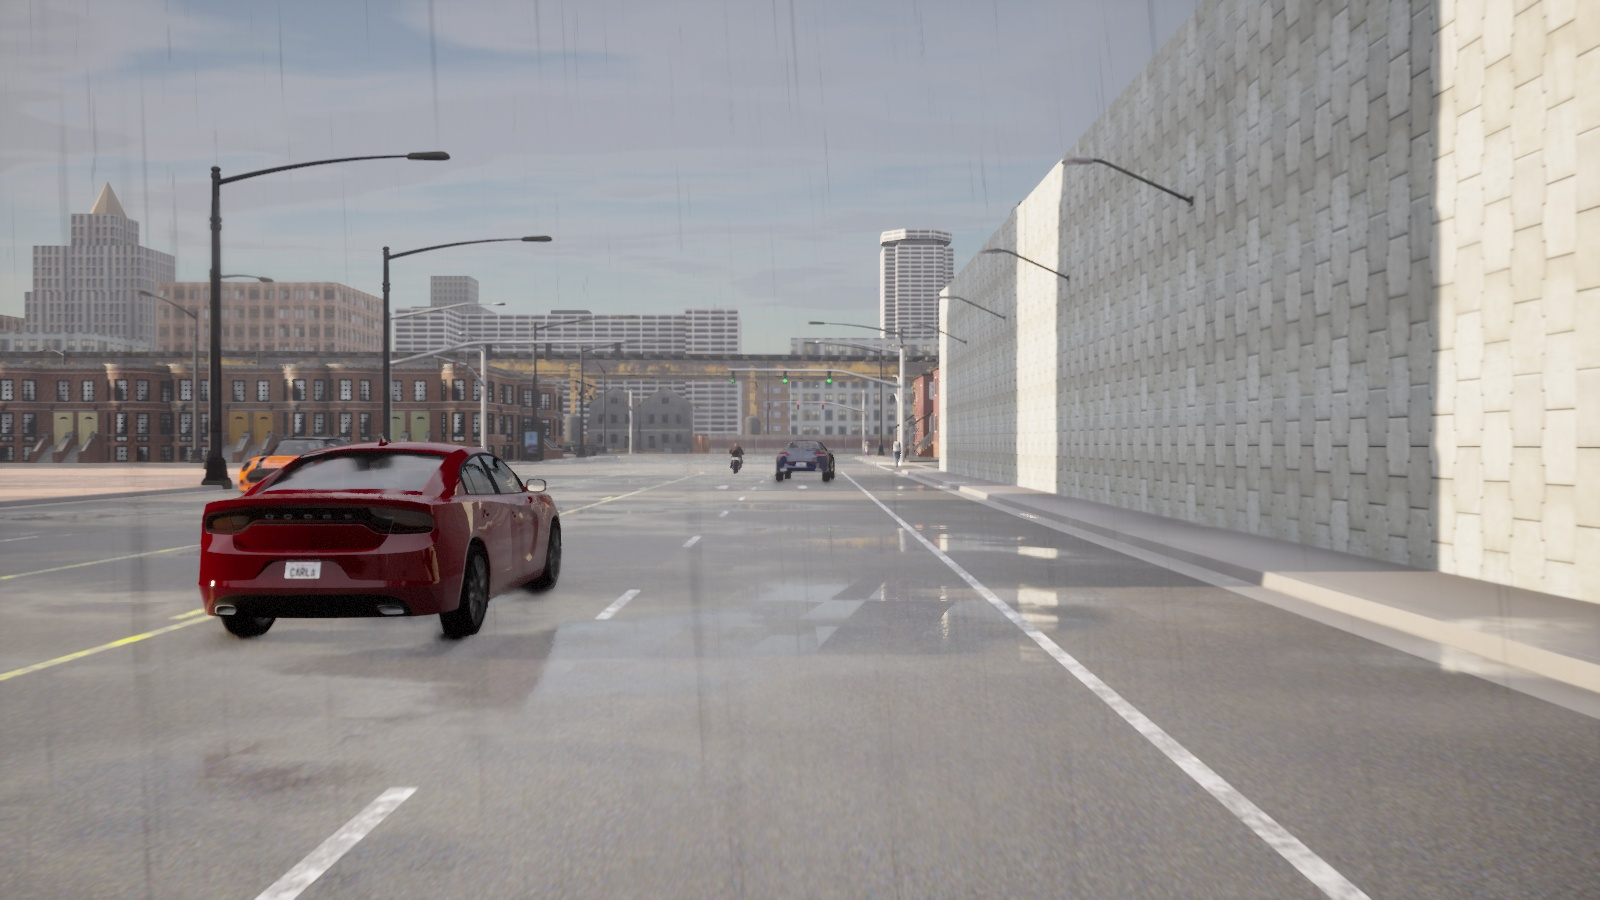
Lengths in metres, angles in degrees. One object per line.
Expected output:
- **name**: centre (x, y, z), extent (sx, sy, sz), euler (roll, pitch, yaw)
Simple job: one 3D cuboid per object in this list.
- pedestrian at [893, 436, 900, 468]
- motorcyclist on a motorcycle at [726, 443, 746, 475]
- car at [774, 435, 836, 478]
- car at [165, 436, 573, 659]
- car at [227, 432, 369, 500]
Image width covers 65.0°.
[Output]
- **pedestrian**: centre (5.562, 0.090, 72.292), extent (0.354, 1.836, 0.706), euler (0, 0, 2)
- **motorcyclist on a motorcycle**: centre (-3.134, 0.430, 61.837), extent (0.866, 1.530, 2.191), euler (0, 0, 0)
- **car**: centre (0.255, 0.238, 50.901), extent (2.152, 1.651, 5.027), euler (0, 0, 5)
- **car**: centre (-3.422, 0.659, 11.152), extent (1.882, 1.535, 5.008), euler (0, 0, 0)
- **car**: centre (-13.788, 0.398, 34.804), extent (2.097, 1.767, 4.553), euler (0, 0, 0)
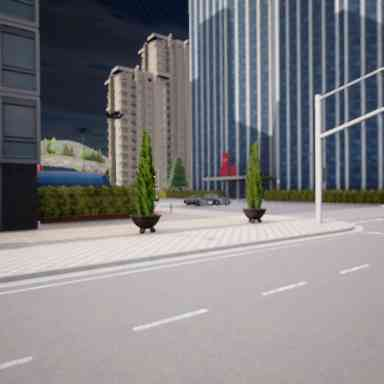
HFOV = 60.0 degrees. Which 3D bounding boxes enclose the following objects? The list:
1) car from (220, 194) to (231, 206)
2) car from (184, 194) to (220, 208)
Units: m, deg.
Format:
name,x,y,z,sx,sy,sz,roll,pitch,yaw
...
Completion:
name,x,y,z,sx,sy,sz,roll,pitch,yaw
car,3.260,1.009,45.672,2.097,1.767,4.553,-1,1,-36
car,0.868,1.190,43.009,2.128,1.511,4.902,-1,1,-36
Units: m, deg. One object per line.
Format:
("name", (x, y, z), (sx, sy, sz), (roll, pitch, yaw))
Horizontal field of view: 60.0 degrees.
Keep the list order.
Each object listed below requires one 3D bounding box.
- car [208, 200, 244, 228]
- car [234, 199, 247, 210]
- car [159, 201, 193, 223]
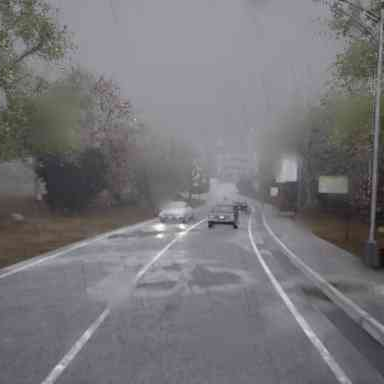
("car", (2.154, 1.526, 21.892), (2.033, 1.411, 5.357), (1, 0, 10))
("car", (6.096, 1.566, 42.615), (1.895, 1.301, 4.718), (1, 0, 11))
("car", (-1.067, 1.439, 24.651), (1.812, 1.442, 4.674), (1, 0, 11))
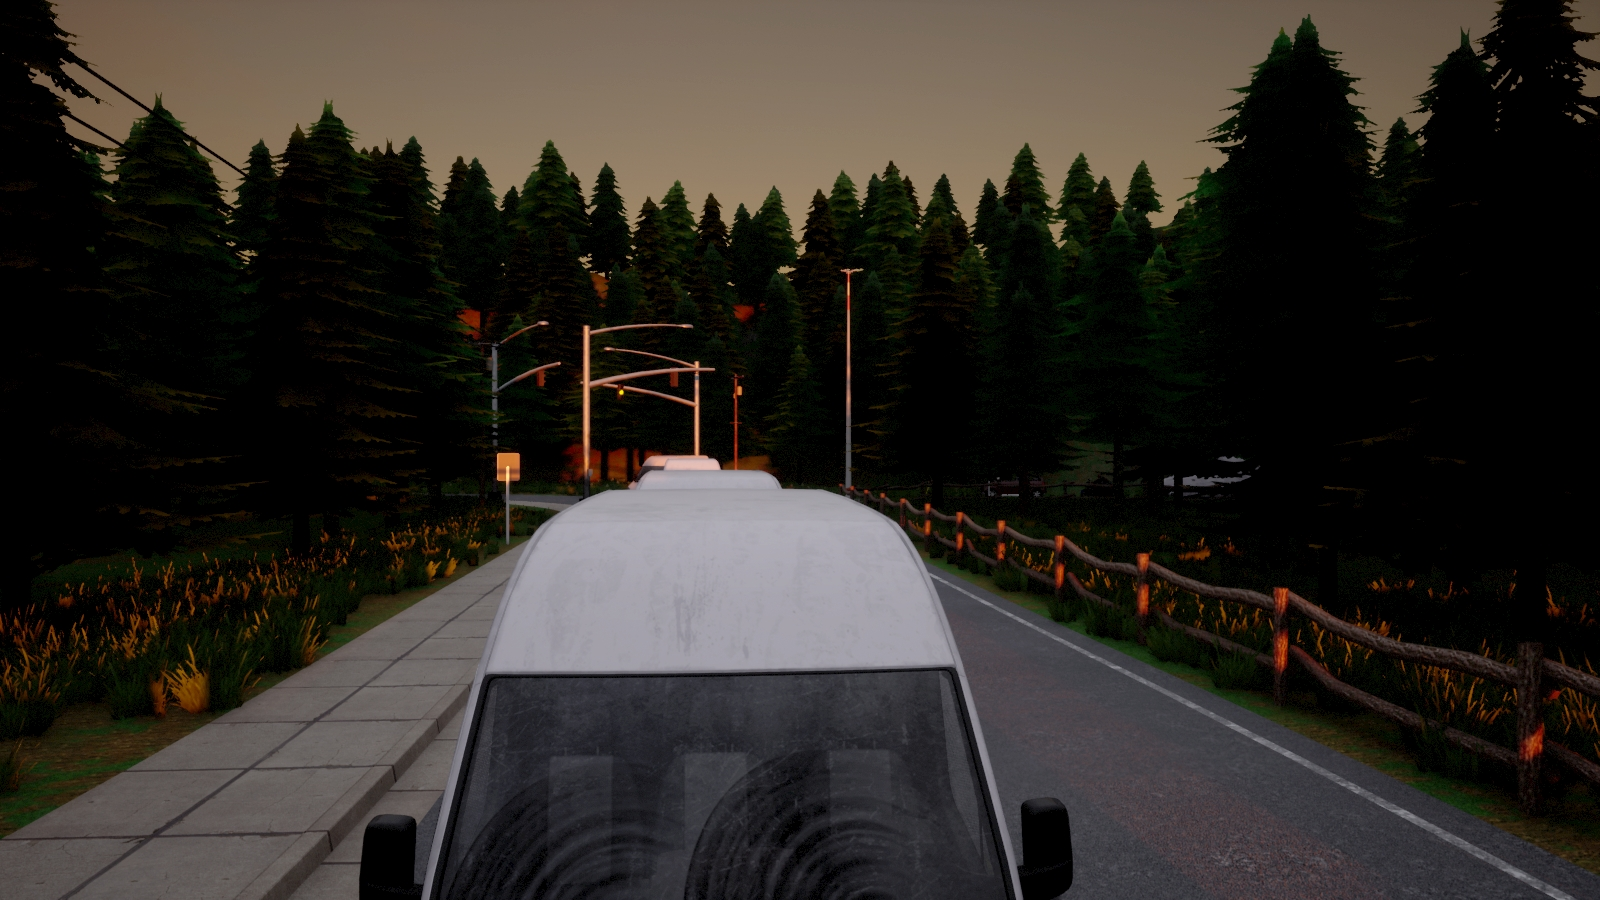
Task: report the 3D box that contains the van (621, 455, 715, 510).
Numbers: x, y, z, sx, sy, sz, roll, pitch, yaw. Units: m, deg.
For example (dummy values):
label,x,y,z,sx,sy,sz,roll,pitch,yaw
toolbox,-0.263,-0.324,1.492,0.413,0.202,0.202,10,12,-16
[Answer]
label,x,y,z,sx,sy,sz,roll,pitch,yaw
van,-6.375,1.515,56.025,1.988,2.561,5.915,0,0,22

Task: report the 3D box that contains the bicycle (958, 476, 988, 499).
label,x,y,z,sx,sy,sz,roll,pitch,yaw
bicycle,9.876,2.158,65.277,1.487,1.276,0.859,0,0,-6

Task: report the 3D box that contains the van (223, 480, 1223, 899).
label,x,y,z,sx,sy,sz,roll,pitch,yaw
van,-0.360,1.499,5.226,1.988,2.561,5.915,0,0,-5

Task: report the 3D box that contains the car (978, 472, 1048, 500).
label,x,y,z,sx,sy,sz,roll,pitch,yaw
car,12.149,2.026,65.282,3.705,1.549,1.789,0,0,3
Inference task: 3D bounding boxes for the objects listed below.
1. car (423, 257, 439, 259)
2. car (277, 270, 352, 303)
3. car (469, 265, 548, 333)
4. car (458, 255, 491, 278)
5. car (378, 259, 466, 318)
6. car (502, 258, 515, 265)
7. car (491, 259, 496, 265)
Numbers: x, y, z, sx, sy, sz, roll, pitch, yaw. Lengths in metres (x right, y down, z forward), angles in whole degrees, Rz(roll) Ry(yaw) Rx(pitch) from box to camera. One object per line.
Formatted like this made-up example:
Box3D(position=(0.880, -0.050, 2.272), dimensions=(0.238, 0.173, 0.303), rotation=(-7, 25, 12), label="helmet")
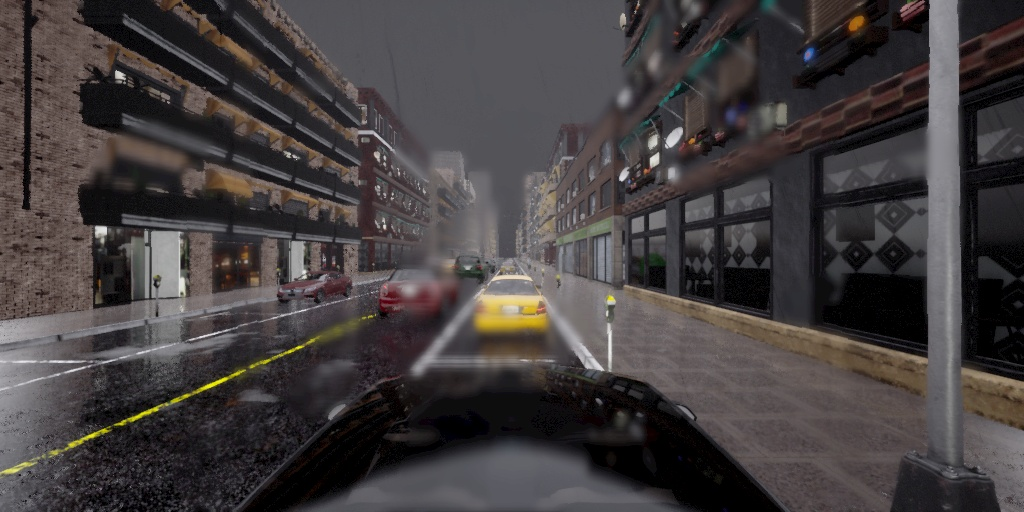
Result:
Box3D(position=(-8.837, 1.064, 39.007), dimensions=(2.192, 1.841, 5.009), rotation=(0, 0, 0), label="car")
Box3D(position=(-8.837, 1.333, 16.462), dimensions=(1.802, 1.307, 4.207), rotation=(0, 0, 0), label="car")
Box3D(position=(0.005, 1.207, 10.689), dimensions=(1.801, 1.575, 5.366), rotation=(0, 0, 0), label="car")
Box3D(position=(-3.062, 0.971, 27.574), dimensions=(2.150, 2.045, 5.566), rotation=(0, 0, 0), label="car")
Box3D(position=(-3.145, 1.103, 13.117), dimensions=(2.097, 1.767, 4.553), rotation=(0, 0, 0), label="car")
Box3D(position=(-0.456, 1.275, 39.173), dimensions=(1.751, 1.417, 4.829), rotation=(0, 0, 0), label="car")
Box3D(position=(-3.062, 1.101, 43.498), dimensions=(2.097, 1.767, 4.553), rotation=(0, 0, 0), label="car")
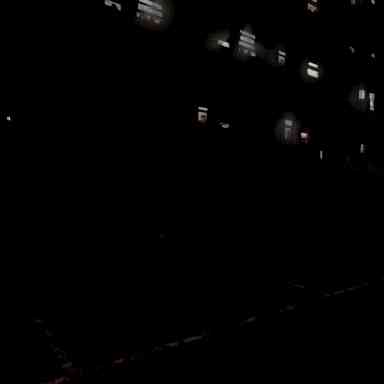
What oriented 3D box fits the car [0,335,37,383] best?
[{"bbox_3d":[-3.044,1.525,1.208,4.674,1.442,1.812,0,0,-35],"label":"car"}]
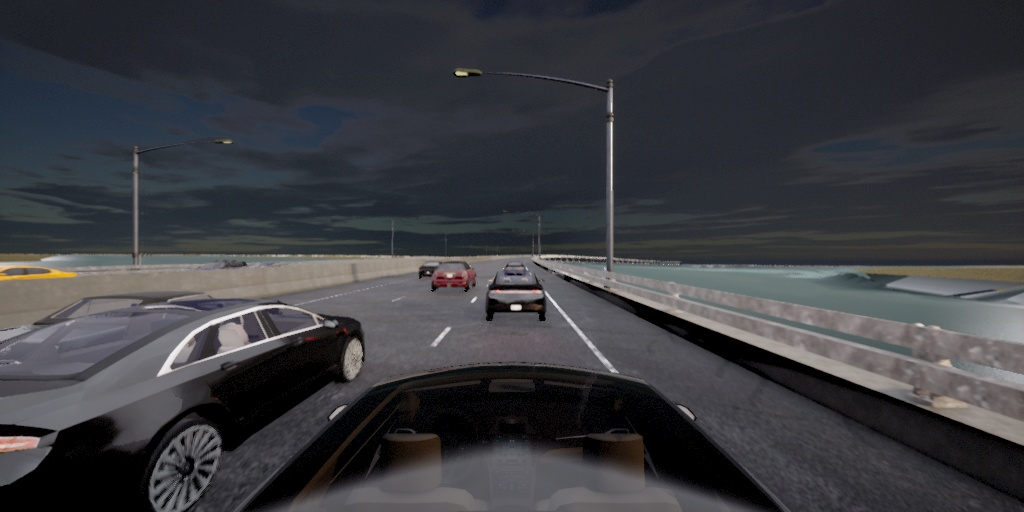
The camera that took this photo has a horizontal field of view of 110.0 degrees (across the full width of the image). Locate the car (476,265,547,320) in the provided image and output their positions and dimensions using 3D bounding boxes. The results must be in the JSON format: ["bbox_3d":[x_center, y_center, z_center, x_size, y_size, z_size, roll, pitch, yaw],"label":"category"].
[{"bbox_3d":[0.125,1.228,12.477,2.128,1.511,4.902,0,0,0],"label":"car"}]

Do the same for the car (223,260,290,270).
[{"bbox_3d":[-17.398,1.218,25.565,2.128,1.511,4.902,0,0,0],"label":"car"}]

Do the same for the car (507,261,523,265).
[{"bbox_3d":[0.272,1.195,32.128,2.128,1.511,4.902,0,0,1],"label":"car"}]

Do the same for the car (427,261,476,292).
[{"bbox_3d":[-3.325,1.074,21.353,2.097,1.767,4.553,0,0,0],"label":"car"}]

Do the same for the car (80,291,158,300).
[{"bbox_3d":[-6.892,1.343,7.175,1.895,1.301,4.718,0,0,0],"label":"car"}]

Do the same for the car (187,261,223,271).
[{"bbox_3d":[-20.898,1.131,25.628,2.097,1.767,4.553,0,0,0],"label":"car"}]

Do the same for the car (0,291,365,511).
[{"bbox_3d":[-3.395,1.238,4.161,2.128,1.511,4.902,0,0,0],"label":"car"}]

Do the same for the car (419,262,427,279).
[{"bbox_3d":[-6.736,1.182,31.430,1.882,1.535,5.008,0,0,1],"label":"car"}]

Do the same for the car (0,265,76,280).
[{"bbox_3d":[-24.523,1.203,17.265,1.882,1.535,5.008,0,0,1],"label":"car"}]
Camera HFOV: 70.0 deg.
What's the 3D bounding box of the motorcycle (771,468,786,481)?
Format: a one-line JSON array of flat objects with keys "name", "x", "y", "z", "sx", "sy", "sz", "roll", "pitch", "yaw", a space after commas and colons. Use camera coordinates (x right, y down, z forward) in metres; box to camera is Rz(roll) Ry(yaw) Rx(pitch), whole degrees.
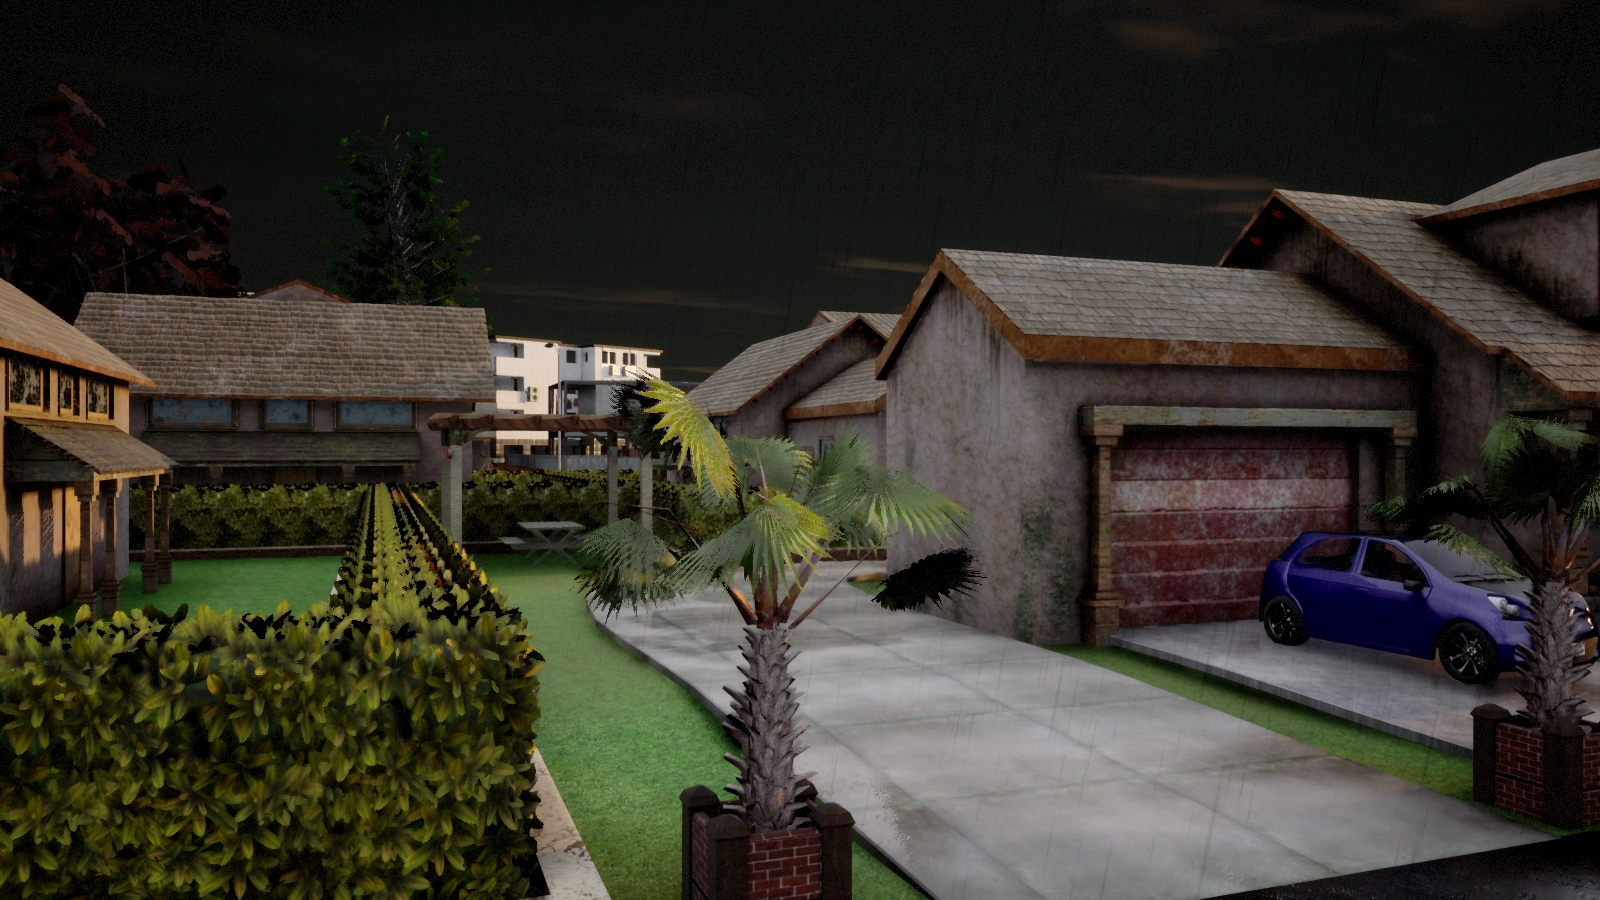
————————
» Prompt
Reproduce only the lines above, starting at the line with "5. car (378, 259, 466, 318)" and ending at the line with "Numbers: x, y, z, sx, sy, sz, roll, pitch, yaw. Lengths", exactly as written.

» Task output
5. car (378, 259, 466, 318)
6. car (502, 258, 515, 265)
7. car (491, 259, 496, 265)
Numbers: x, y, z, sx, sy, sz, roll, pitch, yaw. Lengths in metres (x right, y down, z forward), angles in whole degrees, Rz(roll) Ry(yaw) Rx(pitch) from box to camera. One object per line.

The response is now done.